[Exercise goal] Please repeat the whole listing exactly, but leave out any picture it holds.

[Data supplied]
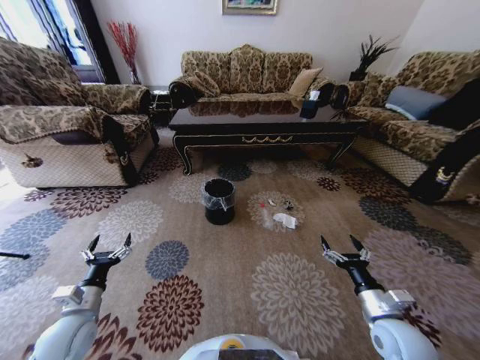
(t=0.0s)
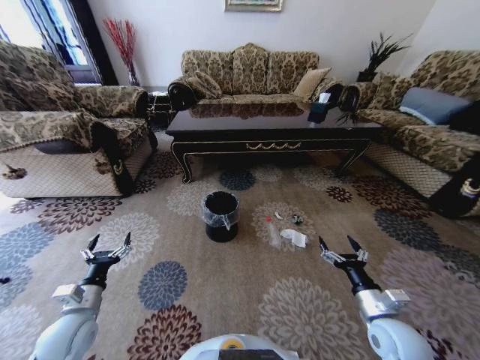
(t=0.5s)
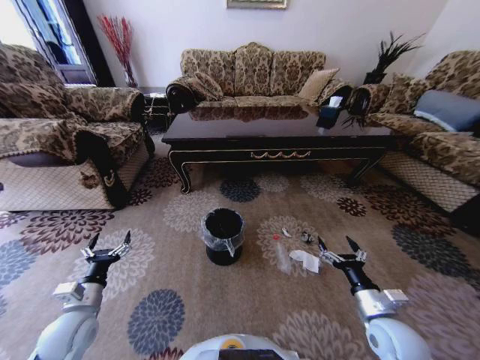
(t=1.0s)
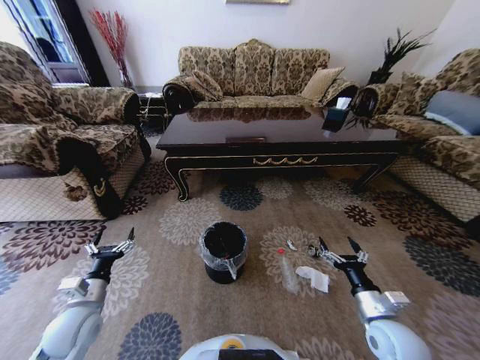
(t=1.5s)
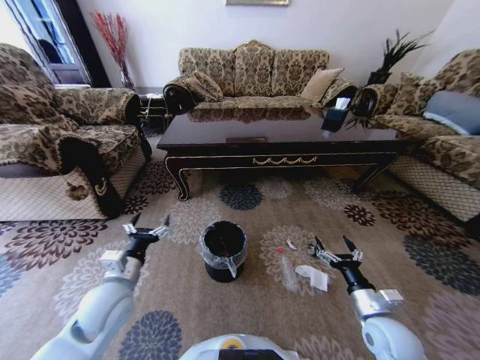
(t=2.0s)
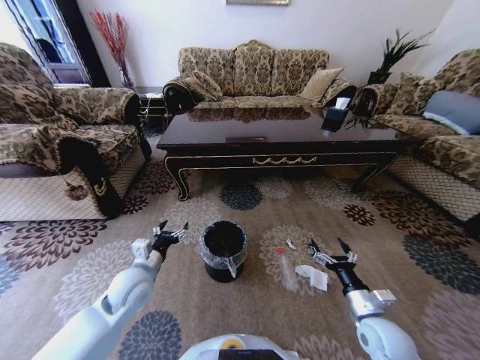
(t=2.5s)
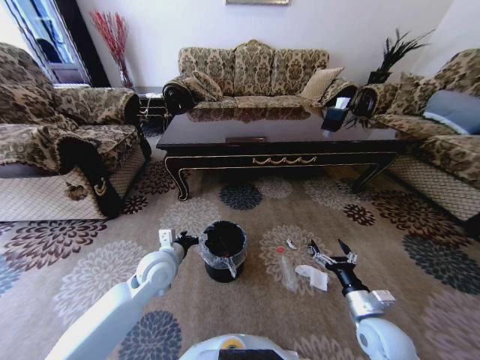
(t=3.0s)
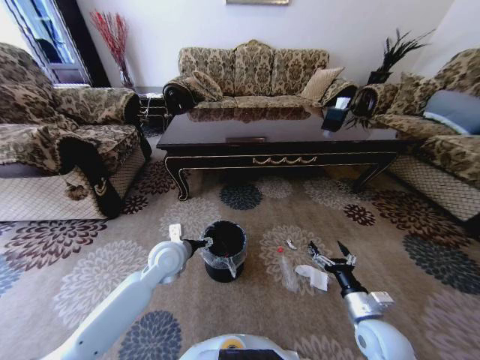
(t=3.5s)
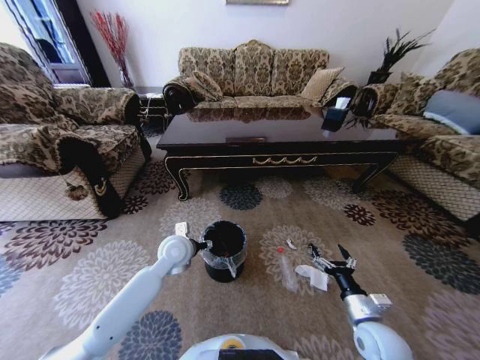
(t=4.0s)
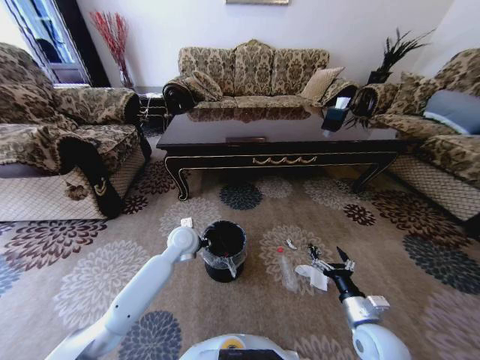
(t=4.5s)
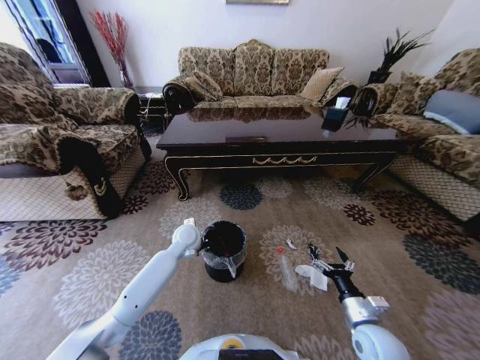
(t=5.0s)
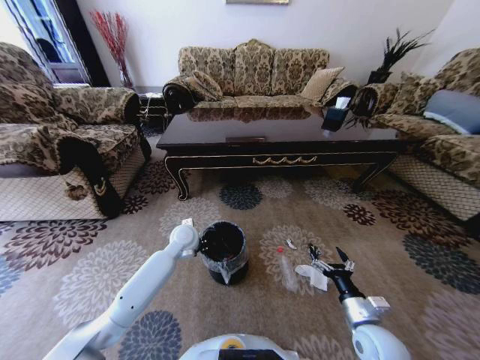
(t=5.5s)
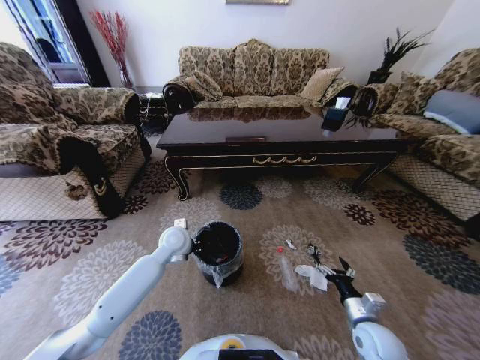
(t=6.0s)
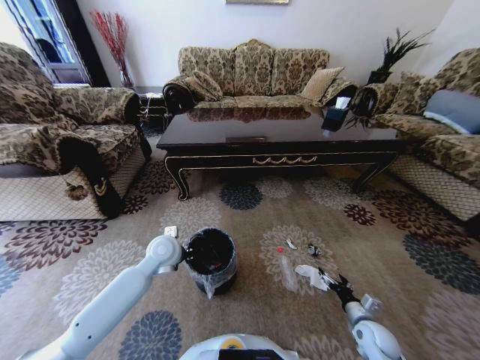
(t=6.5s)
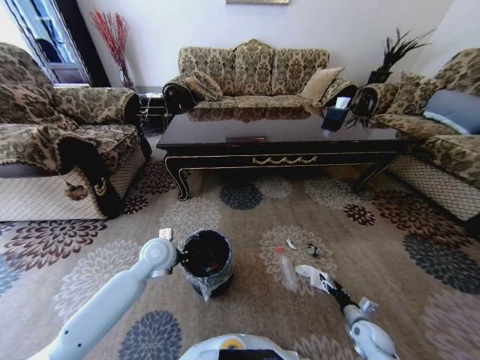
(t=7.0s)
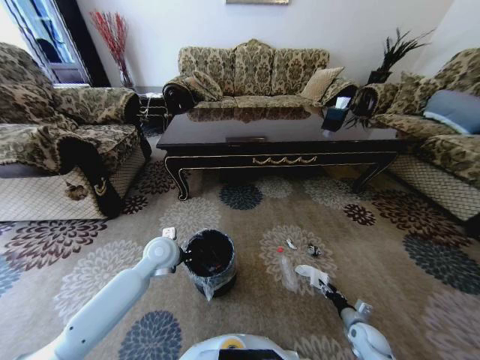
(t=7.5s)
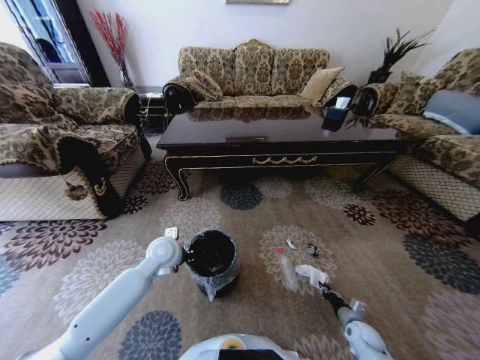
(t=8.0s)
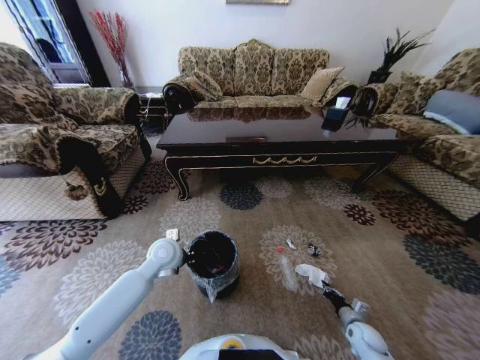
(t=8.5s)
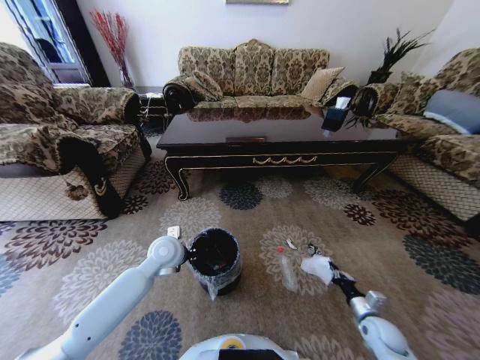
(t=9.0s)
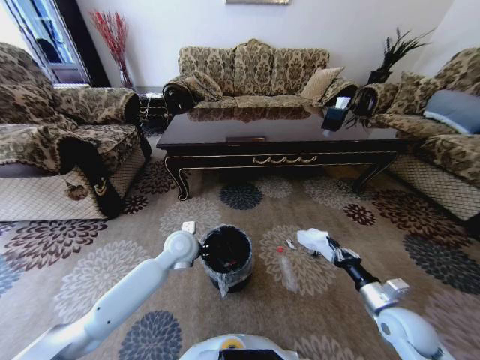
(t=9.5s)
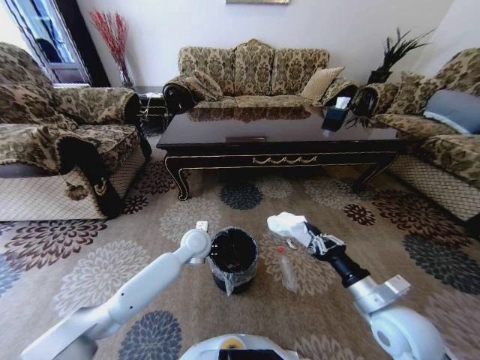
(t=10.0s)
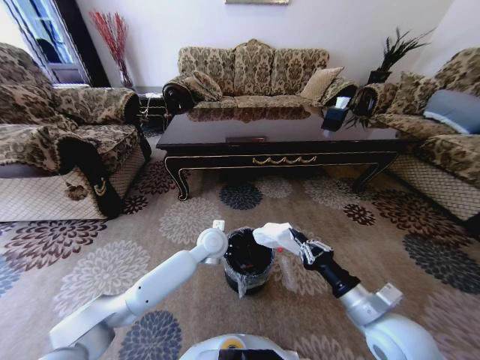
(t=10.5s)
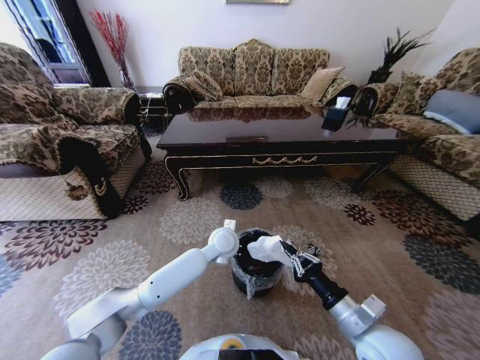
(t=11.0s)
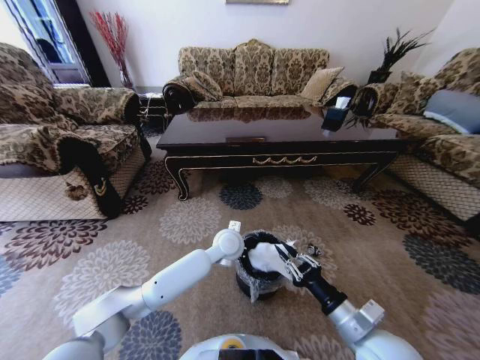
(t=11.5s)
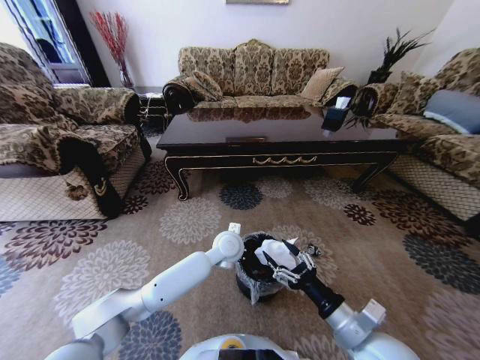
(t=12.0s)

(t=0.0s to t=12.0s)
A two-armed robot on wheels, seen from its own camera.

[Response box]
(t=0.0s)
(t=0.5s)
(t=1.0s)
(t=1.5s)
(t=2.0s)
(t=2.5s)
(t=3.0s)
(t=3.5s)
(t=4.0s)
(t=4.5s)
(t=5.0s)
(t=5.5s)
(t=6.0s)
(t=6.5s)
(t=7.0s)
(t=7.5s)
(t=8.0s)
(t=8.5s)
(t=9.0s)
(t=9.5s)
(t=10.0s)
(t=10.5s)
(t=11.0s)
(t=11.5s)
(t=12.0s)

(t=0.0s to t=12.0s)
A two-armed robot on wheels, seen from its own camera.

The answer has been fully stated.